* SOURCE MATERIAL
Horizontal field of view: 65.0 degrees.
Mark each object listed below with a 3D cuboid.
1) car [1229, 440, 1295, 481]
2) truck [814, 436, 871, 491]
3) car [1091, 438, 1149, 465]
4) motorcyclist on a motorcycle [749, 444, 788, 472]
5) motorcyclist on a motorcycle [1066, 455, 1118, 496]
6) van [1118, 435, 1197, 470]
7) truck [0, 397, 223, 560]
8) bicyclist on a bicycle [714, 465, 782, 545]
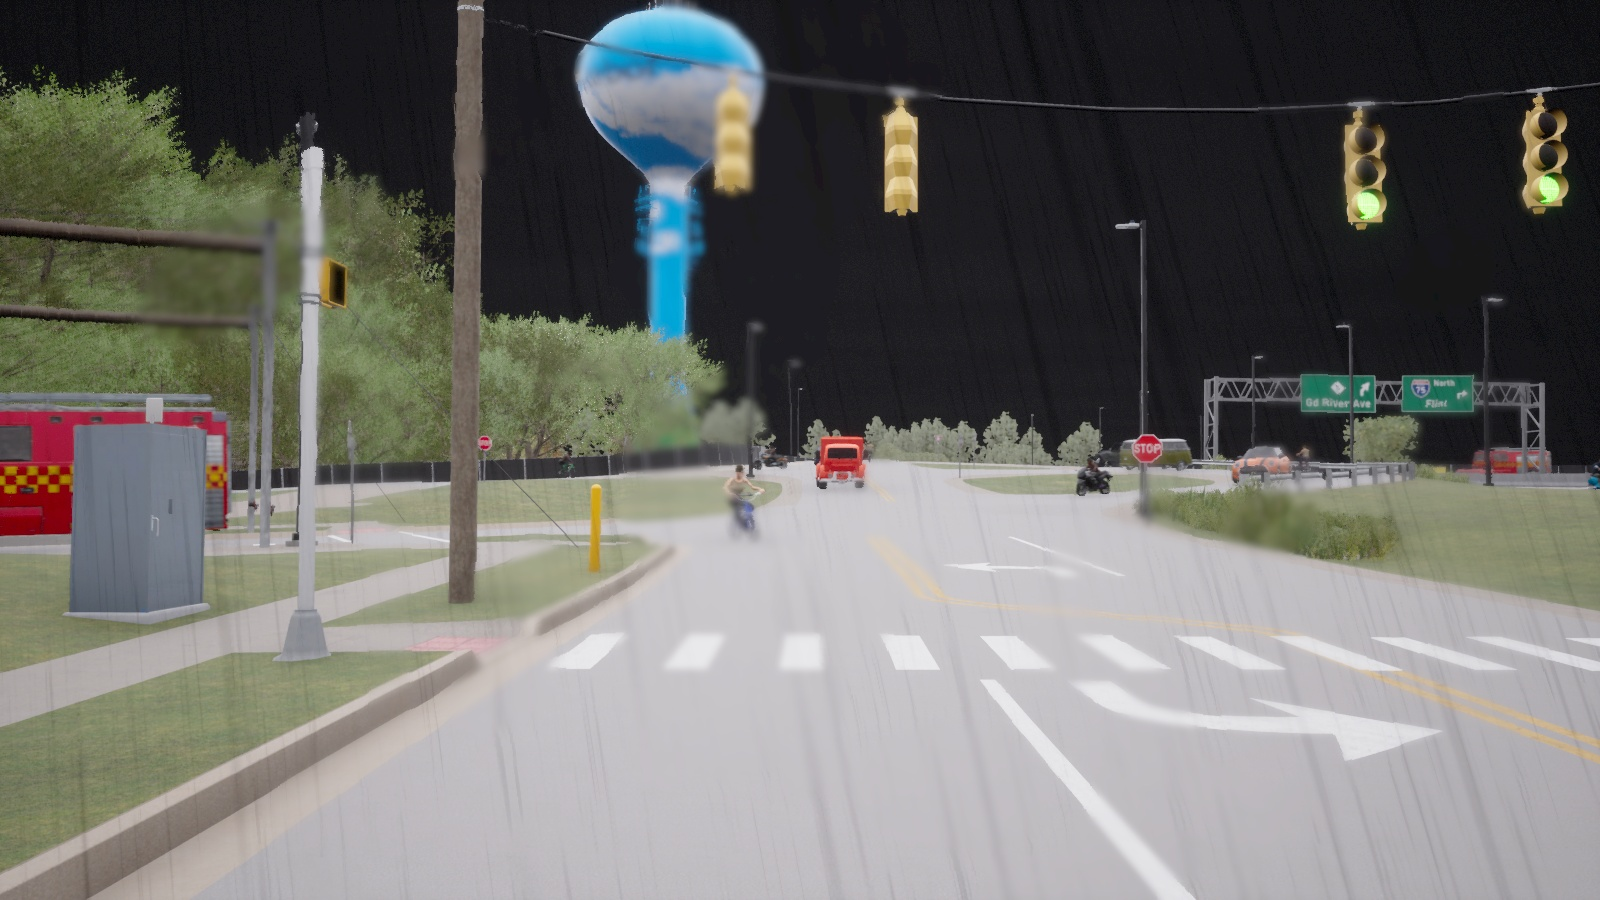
[{"bbox_3d":[21.843,0.483,59.275,2.097,1.767,4.553,-2,0,31],"label":"car"},{"bbox_3d":[2.041,0.597,61.139,2.627,2.467,5.204,0,2,1],"label":"truck"},{"bbox_3d":[23.110,0.134,90.817,1.905,1.878,3.866,1,0,-31],"label":"car"},{"bbox_3d":[-2.046,0.528,81.640,2.350,1.649,0.766,-3,1,6],"label":"motorcyclist on a motorcycle"},{"bbox_3d":[11.633,0.995,50.002,2.044,1.523,0.797,-2,-1,-37],"label":"motorcyclist on a motorcycle"},{"bbox_3d":[22.076,0.144,77.599,4.442,1.987,1.775,-1,1,-18],"label":"van"},{"bbox_3d":[-18.949,0.712,30.992,8.468,3.827,2.891,-1,-2,-26],"label":"truck"},{"bbox_3d":[-1.129,1.150,26.800,0.866,1.612,1.509,-3,0,-25],"label":"bicyclist on a bicycle"}]

* WORK TO BE COMPLETED
Reproduce the entries exactly, but only from their first line to the line holding "7) truck [0, 397, 223, 560]", with that last line kept.

* WORKED SOLUTION
Horizontal field of view: 65.0 degrees.
Mark each object listed below with a 3D cuboid.
1) car [1229, 440, 1295, 481]
2) truck [814, 436, 871, 491]
3) car [1091, 438, 1149, 465]
4) motorcyclist on a motorcycle [749, 444, 788, 472]
5) motorcyclist on a motorcycle [1066, 455, 1118, 496]
6) van [1118, 435, 1197, 470]
7) truck [0, 397, 223, 560]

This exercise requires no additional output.